Characterizing Reservoir Connectivity and Forecasting Waterflood Performance Using Data-Driven and Reduced-Physics Models

Abstract

Abstract Closed-loop reservoir management requires representative models that can be updated quickly. Such kind of models that can be used for characterization of reservoir connectivity would greatly contribute to decisions in waterflooding operations. In heterogeneous reservoirs that are characterized with thief-zones/fractures or flow-barriers, that may enhance or prevent connectivity, it becomes challenging to construct geological models with both reasonable accuracy and computational efficiency. In this study, practical and computationally-efficient methods are presented to first accurately characterize the connectivity between producer and injector wells, and then to forecast the waterflood performance.
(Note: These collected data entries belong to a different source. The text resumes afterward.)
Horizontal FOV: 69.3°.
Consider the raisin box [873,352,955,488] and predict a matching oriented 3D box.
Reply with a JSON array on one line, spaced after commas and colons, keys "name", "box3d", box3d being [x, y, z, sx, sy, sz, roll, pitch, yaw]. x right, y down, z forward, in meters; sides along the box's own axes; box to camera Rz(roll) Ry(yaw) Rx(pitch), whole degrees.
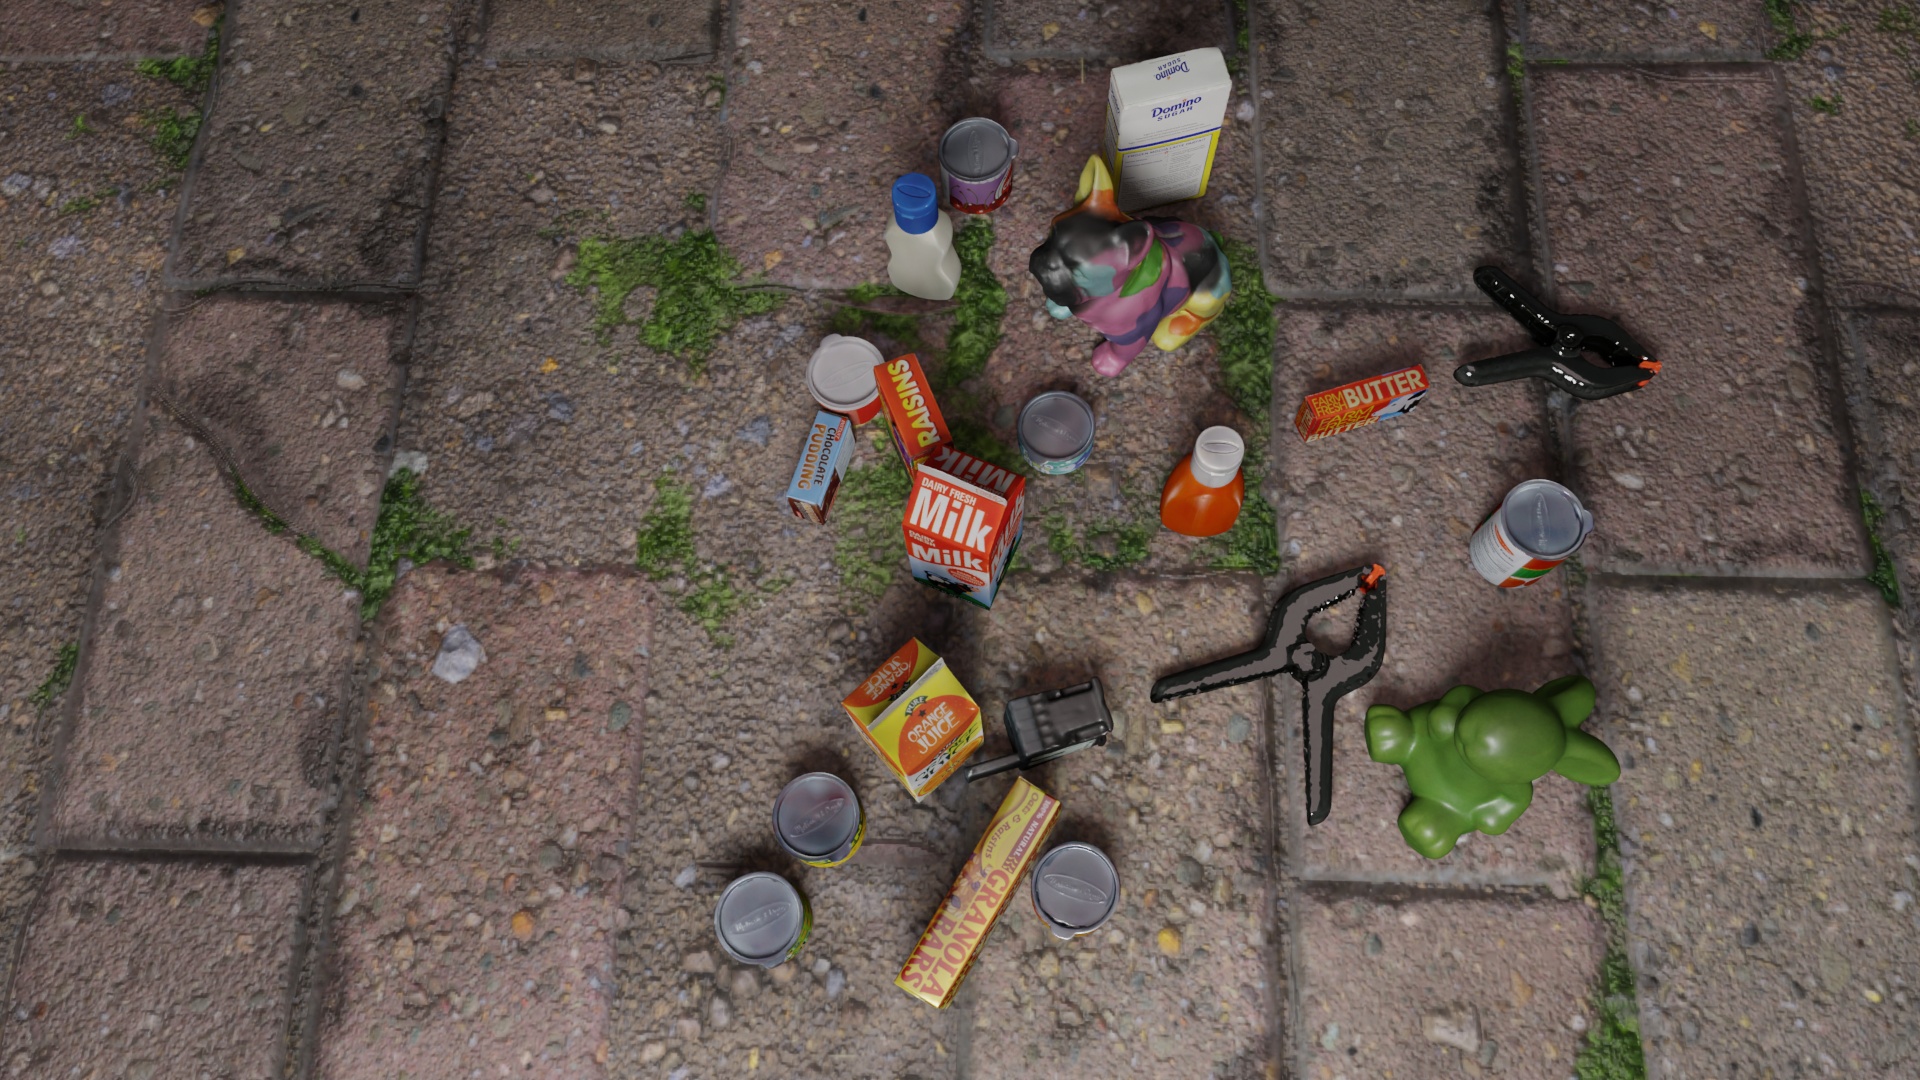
[{"name": "raisin box", "box3d": [-0.035, -0.087, 1.135, 0.040, 0.123, 0.086, -21, 72, -5]}]

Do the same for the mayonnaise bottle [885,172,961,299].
[{"name": "mayonnaise bottle", "box3d": [-0.034, -0.257, 1.180, 0.065, 0.147, 0.041, 16, 73, 7]}]

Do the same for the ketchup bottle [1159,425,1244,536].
[{"name": "ketchup bottle", "box3d": [0.196, -0.045, 1.099, 0.065, 0.148, 0.043, 4, 72, 4]}]

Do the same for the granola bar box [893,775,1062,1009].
[{"name": "granola bar box", "box3d": [0.016, 0.260, 1.015, 0.039, 0.124, 0.166, 30, 75, 11]}]

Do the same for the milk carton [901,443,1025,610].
[{"name": "milk carton", "box3d": [0.004, -0.013, 1.074, 0.072, 0.190, 0.073, 22, 74, 9]}]

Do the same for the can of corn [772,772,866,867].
[{"name": "can of corn", "box3d": [-0.106, 0.218, 1.069, 0.071, 0.058, 0.071, -1, 72, 2]}]

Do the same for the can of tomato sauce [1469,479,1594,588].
[{"name": "can of tomato sauce", "box3d": [0.454, -0.004, 1.110, 0.071, 0.083, 0.071, -1, 72, 2]}]

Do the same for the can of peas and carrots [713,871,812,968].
[{"name": "can of peas and carrots", "box3d": [-0.146, 0.288, 1.046, 0.071, 0.058, 0.071, -1, 72, 2]}]

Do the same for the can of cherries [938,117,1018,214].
[{"name": "can of cherries", "box3d": [0.017, -0.336, 1.252, 0.071, 0.058, 0.071, -1, 72, 2]}]

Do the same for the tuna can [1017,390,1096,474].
[{"name": "tuna can", "box3d": [0.080, -0.089, 1.180, 0.071, 0.032, 0.071, -1, 71, 2]}]

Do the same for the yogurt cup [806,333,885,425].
[{"name": "yogurt cup", "box3d": [-0.095, -0.133, 1.190, 0.072, 0.053, 0.072, -1, 71, 2]}]

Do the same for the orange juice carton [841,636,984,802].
[{"name": "orange juice carton", "box3d": [-0.034, 0.132, 1.025, 0.072, 0.192, 0.073, -41, 75, -10]}]

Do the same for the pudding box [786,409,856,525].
[{"name": "pudding box", "box3d": [-0.116, -0.061, 1.168, 0.030, 0.049, 0.084, 16, 73, 7]}]

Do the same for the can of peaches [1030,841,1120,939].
[{"name": "can of peaches", "box3d": [0.085, 0.266, 1.046, 0.071, 0.058, 0.071, -1, 72, 2]}]

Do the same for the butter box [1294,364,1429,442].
[{"name": "butter box", "box3d": [0.337, -0.115, 1.168, 0.103, 0.053, 0.024, -16, 72, -3]}]

Two classes of modeling approaches are evaluated in terms of their applicability to characterize the connectivity: 1) Data-driven modeling - artificial neural networks (ANN), in which there is not any presumed functional relationship and connectivity is derived from the weights on connection links of neural networks; 2) Reduced-physics modeling - capacitance-resistance models (CRM), in which physics are incorporated with certain assumptions and connectivity is derived from the fractional flow parameter in the formulation. In both approaches; a producer-based control volume is considered to focus on producers and their connectivity to different injectors, and both models are trained with injection/production histories. Connectivity values derived from these methods are fed into a short-term, pattern-based forecasting methodology, which quantified ultimate recoveries at the desired oil-cut values. Two synthetic reservoir models are used to test the applicability of aforementioned methods; which are characterized with high-permeability streaks and flow-barriers. These key features that affect connectivity are identified by both modeling approaches with reasonable accuracies, but with varying interpretations of fluid movement in the reservoir. Pattern-based forecasting methodology resulted in ultimate recovery predictions very close to the numerical-model based results, with errors within 3%. The workflow presented is quick and reliable to be implemented in closed-loop reservoir management protocols, which requires models that can be updated easily with recent data, and can be used in decision making processes with confidence.